The main difference between the CSTR and PFR reactors is their reactant mixing phenomenon. CSTR instantly makes a uniform mixture in the tank, while PFR has a gradient of product concentration along the length of the tube. PFR has higher conversion ratios while CSTR has better thermals. CSTRs are complex in construction, while PFRs are convenient.

The choice depends on balancing the PFR’s compact design against the CSTR’s superior mixing and temperature control. If you are looking for a high-end CSTR with a good seal and premium material, then consider Wuxi Zhanghua Pharm & Chem Equipment. Their lineup includes various CSTR reactor designs, plug flow reactors, agitated thin film evaporators, agitated evaporators, vacuum crystallizer equipment, continuous vacuum crystallizers, batch vacuum crystallizers, agitated powder mixers, conical screw mixers, and crystallizer tanks tailored for pharmaceutical and chemical applications.

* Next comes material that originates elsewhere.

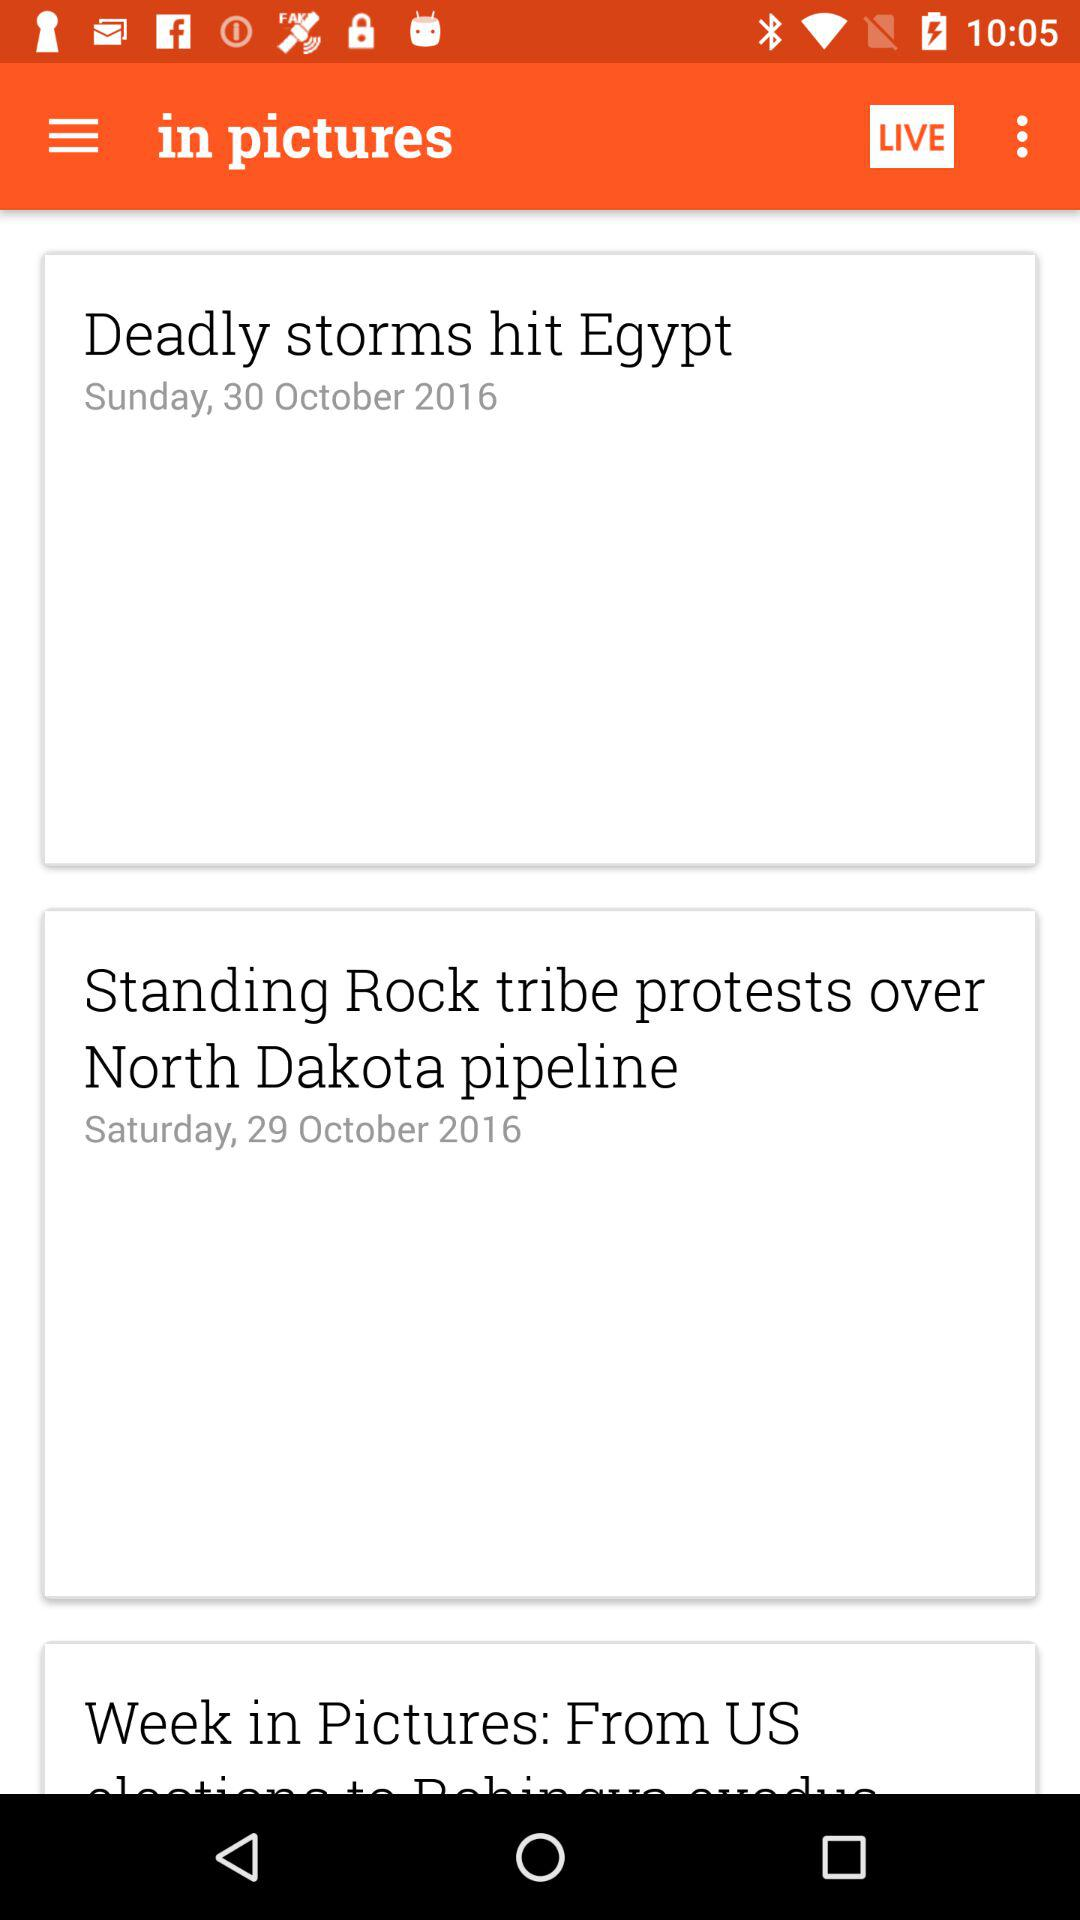What day is it on October 30, 2016? The day is Sunday.

Visit their website https://www.filter-dryer.com/ for more.

Frequently Asked Questions (FAQs)

Q: What is the main difference in mixing between CSTR and PFR?

CSTR has perfect mixing and changes the concentration of the reactant instantly. Whereas, PFR has no axial mixing as it has to ensure maximum concentration while the plug flow moves.

Q: When to choose CSTR over PFR?

Consider picking CSTR for reactions that are autocatalytic or highly exothermic. CSTR is convenient to manage during operation, and in a cascaded configuration eliminates the chances of shorting of the inlet and outlet.

Q: Can they integrate with evaporators

Yes, CSTRs are combined with Agitated Thin Film Evaporators. It enables the use of multiphase raw material mixing, ideal for handling the thick, multiphase slurries that these evaporators process.